> _TASK STATEMENT_
Reply with one number only: the count of lines below that contain the word "this".

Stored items
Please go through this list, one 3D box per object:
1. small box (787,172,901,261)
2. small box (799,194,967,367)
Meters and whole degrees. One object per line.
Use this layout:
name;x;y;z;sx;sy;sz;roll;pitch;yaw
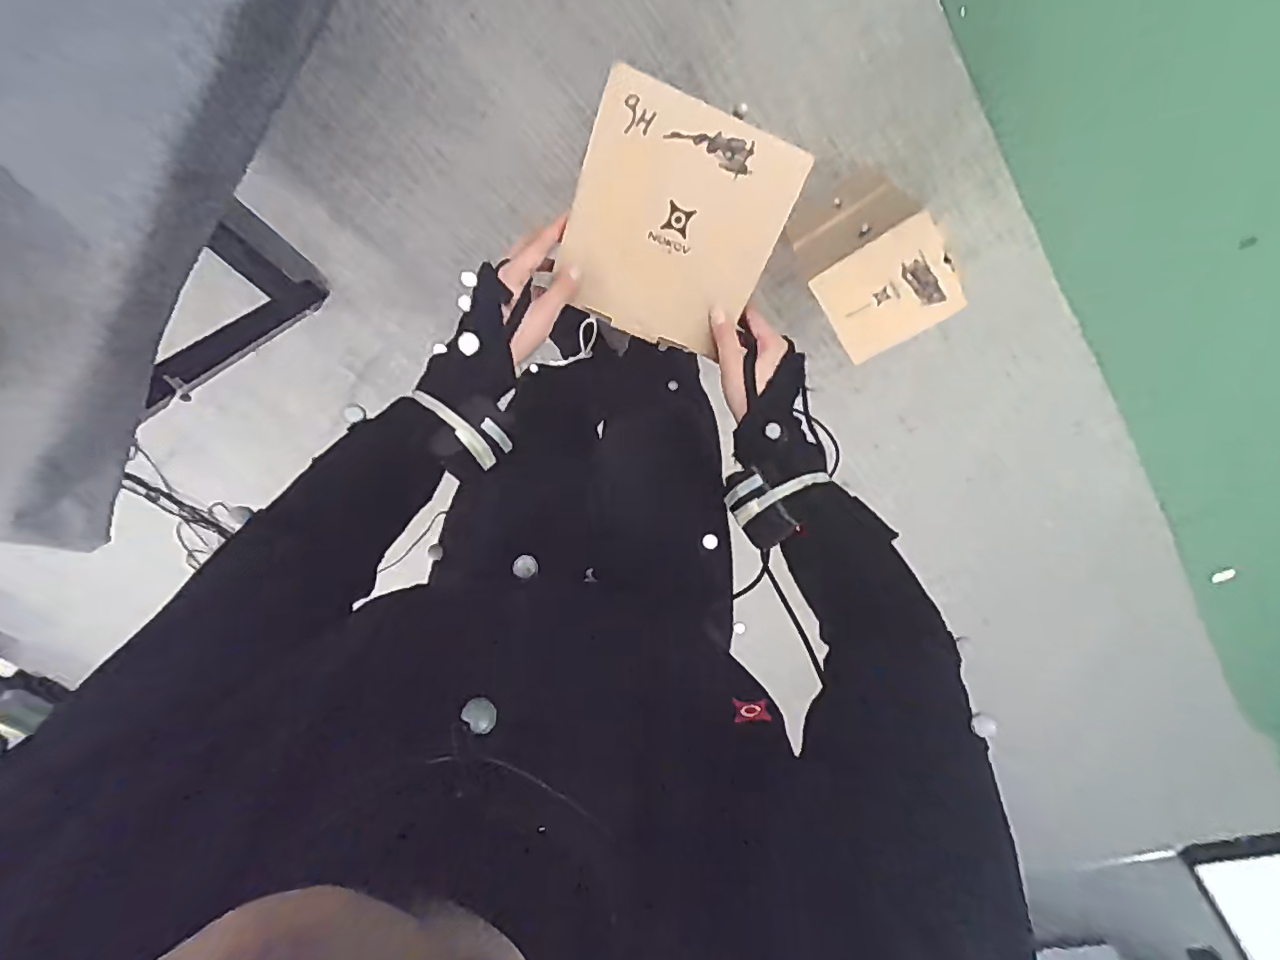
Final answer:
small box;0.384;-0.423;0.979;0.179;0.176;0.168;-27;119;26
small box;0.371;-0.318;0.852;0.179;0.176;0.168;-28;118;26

> _FINISHED TASK_
2